A short distance over the water in Scotland, the Edinburgh Evening News reports that one Edinburgh restaurant has taken the step of introducing a no-show penalty charge of £50 ($69.87) for customers who don’t turn up for dinner reservations.
Such policies are unlikely to be popular with the customers asked to pay a penalty but owners do recognise some flexibility may be needed when applying the rules. Restaurateur, Mark Greenaway, told the Edinburgh Evening News: “If two people turn up when a table of four has booked, am I realistically going to charge the two diners double price? No, because I’m not trying to annoy my customers. I’m trying to stop the no-shows.”
If you’d like to turn no-shows into future customers, you could turn forfeited reservation fees into gift vouchers so that no-show diners can choose to dine with you on another occasion.
If you own a popular restaurant you could try going reservation free or restricting reservations to less busy times. Depending on location and layout, this isn’t always going to be practical since you may not have space for walk-in customers to wait.
It’s also harder to predict staffing and stock requirements when you’re unsure how many people you’re likely to be catering for that day.
And don’t forget, not all customers are happy to wait for a table. For example, families with kids may find it difficult to entertain and appease hungry youngsters while they wait to be seated. This type of situation is likely to have a negative impact on their personal dining experience and those around them too.

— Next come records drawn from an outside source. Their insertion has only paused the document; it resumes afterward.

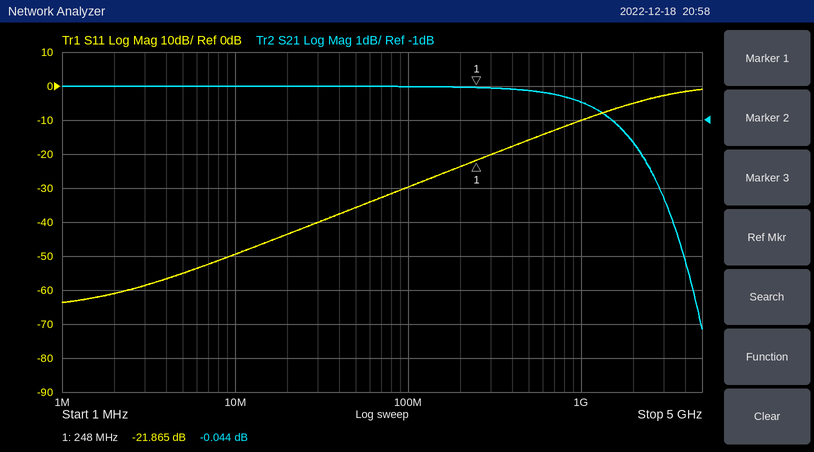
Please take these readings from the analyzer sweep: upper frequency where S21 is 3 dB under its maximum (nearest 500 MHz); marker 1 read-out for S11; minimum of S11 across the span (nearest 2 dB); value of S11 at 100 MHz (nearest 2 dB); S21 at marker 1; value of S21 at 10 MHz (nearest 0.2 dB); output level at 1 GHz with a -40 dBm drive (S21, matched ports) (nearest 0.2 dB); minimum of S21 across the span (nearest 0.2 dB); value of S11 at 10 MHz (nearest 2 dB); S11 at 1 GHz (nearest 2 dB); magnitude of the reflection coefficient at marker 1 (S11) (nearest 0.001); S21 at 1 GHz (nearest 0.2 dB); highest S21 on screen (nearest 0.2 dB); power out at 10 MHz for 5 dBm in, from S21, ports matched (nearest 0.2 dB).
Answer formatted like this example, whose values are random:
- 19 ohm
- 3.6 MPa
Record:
- 3.0 GHz
- -21.865 dB
- -64 dB
- -30 dB
- -0.044 dB
- 0.0 dB
- -40.4 dBm
- -7.2 dB
- -50 dB
- -10 dB
- 0.081
- -0.4 dB
- 0.0 dB
- 5.0 dBm
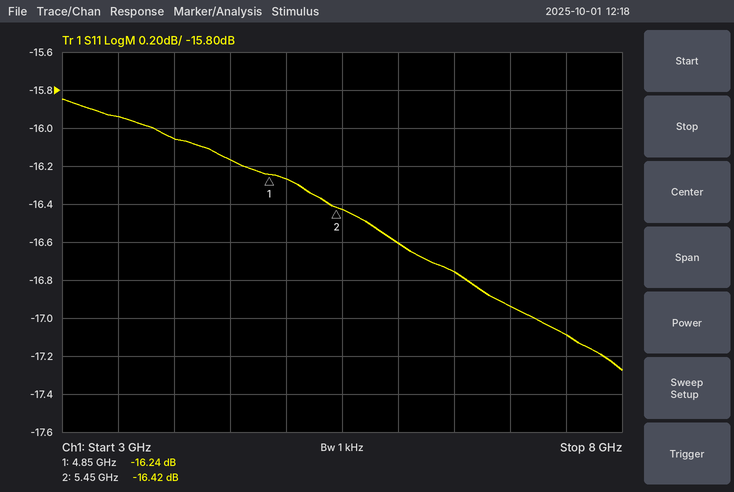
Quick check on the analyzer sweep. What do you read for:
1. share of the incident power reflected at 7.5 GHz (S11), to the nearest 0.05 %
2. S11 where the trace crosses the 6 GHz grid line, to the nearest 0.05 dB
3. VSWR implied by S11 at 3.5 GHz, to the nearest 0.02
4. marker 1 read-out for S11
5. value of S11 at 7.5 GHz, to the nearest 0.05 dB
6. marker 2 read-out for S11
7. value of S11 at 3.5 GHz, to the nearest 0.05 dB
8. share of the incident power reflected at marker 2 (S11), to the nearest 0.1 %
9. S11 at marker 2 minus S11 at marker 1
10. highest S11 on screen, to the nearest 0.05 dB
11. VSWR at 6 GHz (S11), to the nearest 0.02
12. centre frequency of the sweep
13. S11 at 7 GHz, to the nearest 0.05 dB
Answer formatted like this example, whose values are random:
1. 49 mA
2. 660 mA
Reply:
1. 1.95 %
2. -16.60 dB
3. 1.38
4. -16.24 dB
5. -17.10 dB
6. -16.42 dB
7. -15.95 dB
8. 2.3 %
9. -0.18 dB
10. -15.85 dB
11. 1.34
12. 5.5 GHz
13. -16.95 dB
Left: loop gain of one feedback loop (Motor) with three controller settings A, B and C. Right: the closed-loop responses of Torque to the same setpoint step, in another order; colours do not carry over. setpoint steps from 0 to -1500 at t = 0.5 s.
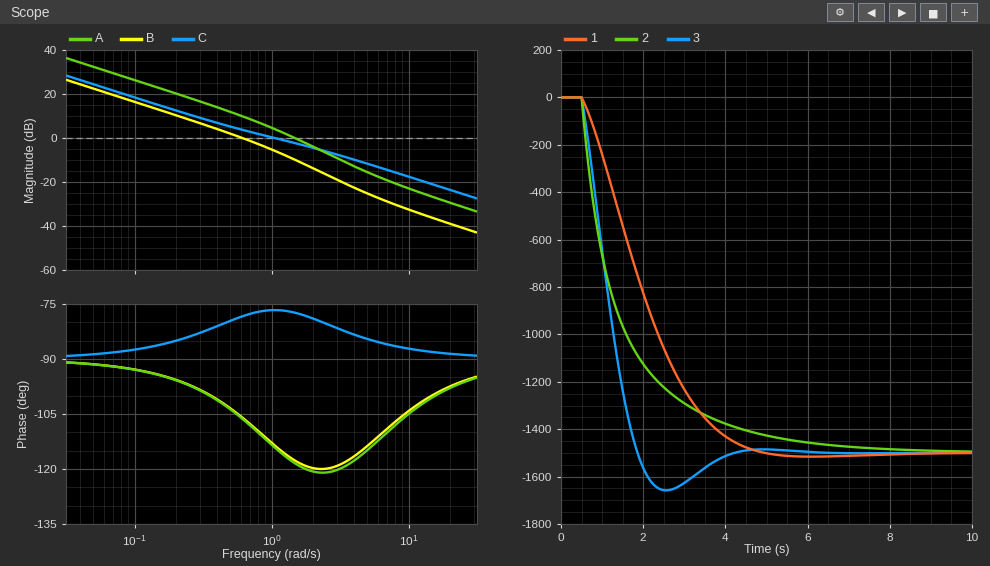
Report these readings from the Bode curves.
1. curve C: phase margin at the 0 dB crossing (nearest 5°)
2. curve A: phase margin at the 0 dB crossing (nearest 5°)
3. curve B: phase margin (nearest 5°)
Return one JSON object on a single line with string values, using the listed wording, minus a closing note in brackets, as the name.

{"curve C: phase margin at the 0 dB crossing": "105°", "curve A: phase margin at the 0 dB crossing": "60°", "curve B: phase margin": "75°"}
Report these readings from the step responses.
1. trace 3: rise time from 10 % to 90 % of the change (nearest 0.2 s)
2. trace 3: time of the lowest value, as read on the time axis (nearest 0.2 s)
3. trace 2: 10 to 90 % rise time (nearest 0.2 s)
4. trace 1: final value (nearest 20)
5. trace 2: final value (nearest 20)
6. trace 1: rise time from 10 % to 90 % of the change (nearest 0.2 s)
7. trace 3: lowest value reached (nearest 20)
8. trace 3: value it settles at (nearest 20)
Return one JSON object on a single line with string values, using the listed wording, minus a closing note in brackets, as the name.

{"trace 3: rise time from 10 % to 90 % of the change": "1.0 s", "trace 3: time of the lowest value, as read on the time axis": "2.6 s", "trace 2: 10 to 90 % rise time": "3.0 s", "trace 1: final value": "-1500", "trace 2: final value": "-1500", "trace 1: rise time from 10 % to 90 % of the change": "2.6 s", "trace 3: lowest value reached": "-1660", "trace 3: value it settles at": "-1500"}
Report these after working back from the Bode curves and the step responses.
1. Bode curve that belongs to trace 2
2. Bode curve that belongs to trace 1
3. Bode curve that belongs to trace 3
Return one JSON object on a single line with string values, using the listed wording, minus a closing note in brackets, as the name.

{"Bode curve that belongs to trace 2": "C", "Bode curve that belongs to trace 1": "B", "Bode curve that belongs to trace 3": "A"}
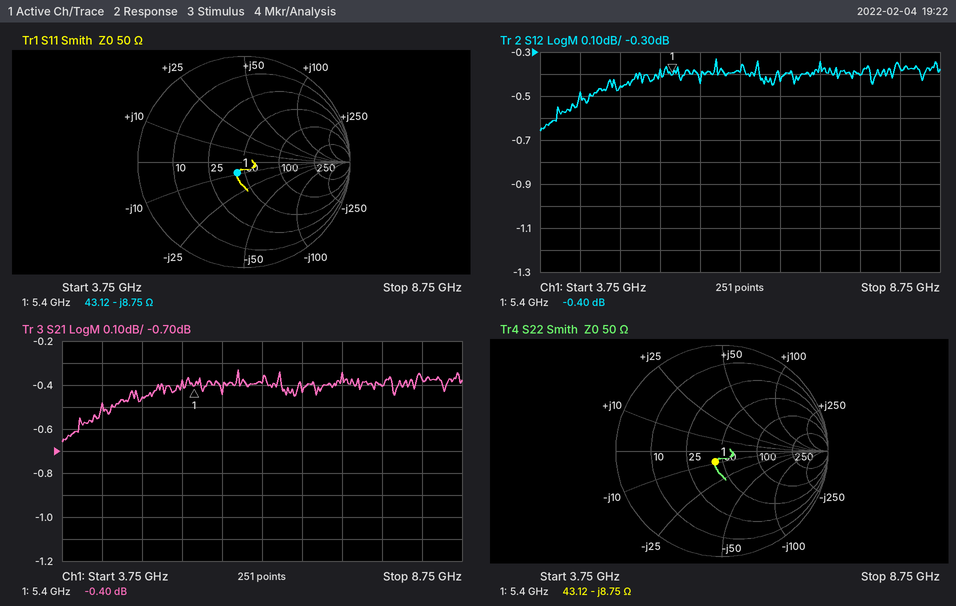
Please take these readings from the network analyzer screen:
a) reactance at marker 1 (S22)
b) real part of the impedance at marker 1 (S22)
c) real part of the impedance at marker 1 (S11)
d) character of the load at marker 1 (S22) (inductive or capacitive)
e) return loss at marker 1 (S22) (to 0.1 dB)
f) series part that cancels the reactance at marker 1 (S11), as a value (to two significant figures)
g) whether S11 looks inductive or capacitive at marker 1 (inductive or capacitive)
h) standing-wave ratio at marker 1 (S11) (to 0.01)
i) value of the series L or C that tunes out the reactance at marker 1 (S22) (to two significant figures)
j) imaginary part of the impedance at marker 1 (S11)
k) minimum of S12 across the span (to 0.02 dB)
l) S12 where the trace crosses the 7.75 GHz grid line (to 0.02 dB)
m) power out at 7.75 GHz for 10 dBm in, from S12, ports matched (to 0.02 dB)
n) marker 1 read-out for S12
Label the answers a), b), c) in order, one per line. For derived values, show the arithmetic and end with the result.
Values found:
a) -8.75 Ω
b) 43.12 Ω
c) 43.12 Ω
d) capacitive
e) 18.5 dB
f) L = 8.75 Ω/(2π × 5.4 GHz) ≈ 258 pH, so 260 pH to two significant figures
g) capacitive
h) 1.27
i) L = 8.75 Ω/(2π × 5.4 GHz) ≈ 258 pH, so 260 pH to two significant figures
j) -8.75 Ω
k) -0.66 dB
l) -0.40 dB
m) 10 dBm + (-0.40 dB) = 9.60 dBm
n) -0.40 dB
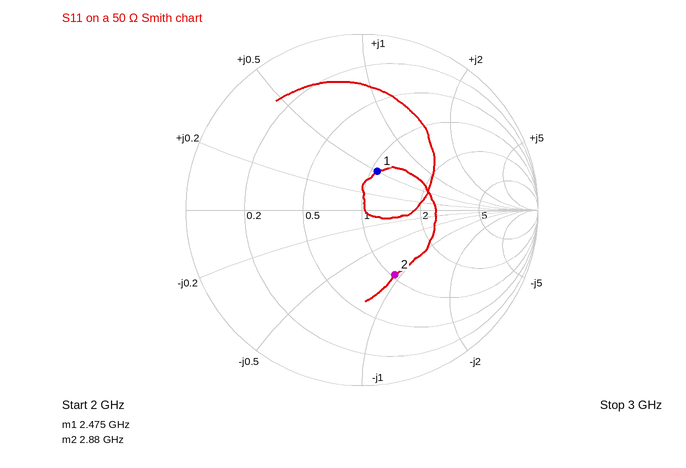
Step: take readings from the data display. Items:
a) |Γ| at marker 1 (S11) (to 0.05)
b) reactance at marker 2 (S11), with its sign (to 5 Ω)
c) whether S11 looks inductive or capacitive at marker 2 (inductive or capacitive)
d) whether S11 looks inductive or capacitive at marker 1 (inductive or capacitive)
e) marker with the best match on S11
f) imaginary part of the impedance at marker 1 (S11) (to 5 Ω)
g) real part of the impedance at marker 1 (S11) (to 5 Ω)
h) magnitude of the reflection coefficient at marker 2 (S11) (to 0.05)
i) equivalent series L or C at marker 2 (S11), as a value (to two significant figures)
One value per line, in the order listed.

0.25
-45 Ω
capacitive
inductive
marker 1
+25 Ω
55 Ω
0.40
1.2 pF
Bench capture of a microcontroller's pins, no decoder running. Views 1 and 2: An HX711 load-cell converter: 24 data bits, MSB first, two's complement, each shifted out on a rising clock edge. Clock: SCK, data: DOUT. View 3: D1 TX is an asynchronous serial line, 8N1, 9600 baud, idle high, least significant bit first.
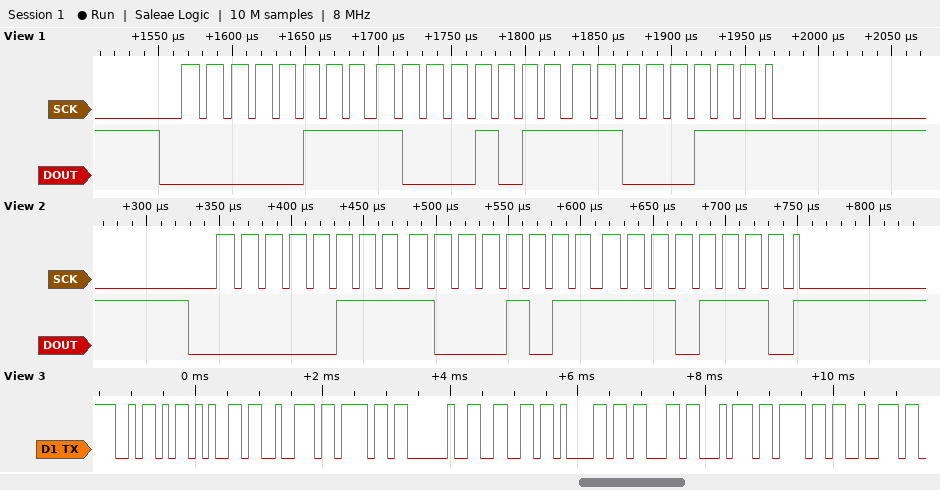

When you’re not sure whether diners are going to show up, it’s tempting to overbook just so you know you will have customers to serve. Unfortunately, there’s no exact science to overbooking and if all of your diners do turn up, a stressful service will surely follow.
Guests won’t be impressed with long wait times if they’ve taken the trouble to book and show up.
Similarly, being told they need to vacate their table earlier than expected to accommodate other diners won’t usually be received positively nor will it encourage repeat custom.
Industry insiders in a number of countries report a worrying trend of diners making multiple restaurant bookings then choosing which booking they will honour at the last moment, without even notifying the other restaurants that they won’t be dining with them.
But if a restaurant adopts the same strategy by hedging their bets on multiple diners, the customer experience is likely to suffer and the restaurant’s reputation risks taking a knock too.
Use tech to improve the customer experience
Online booking systems make it easier for diners to make a reservation at the restaurant of their choice without the need to acknowledge the booking by speaking to someone in person.
As a result, some industry commentators have voiced concerns that online booking can create a psychological separation between the restaurant and the diner.
At Eat, our whole model has been designed to help prevent this by allowing you to personalize the dining experience of your customer, from booking through to service.
Eat allows you to customize your SMS and email messages, so it’s easy to make your cancellation policy clear right from the start.
And from a customer perspective, the app also makes it super easy to cancel, so if someone changes plans, letting you know is quick and simple. As part of the booking process we also supply the customer with your restaurant’s address and directions, making it less likely that guests will be late or not show due to route problems.
When you use Eat, your reservations are automatically added to a digital book that can be viewed across staff iPads. This reservation list shows customer contact details all in one place, so it’s quicker and easier to call your guests to confirm a booking or to contact them on the day they are due to dine to reconfirm their attendance. All of these features can help you to reduce the likelihood of a diner not turning up for dinner.
How are no shows impacting your business? Do you think the problem of no show diners is getting worse?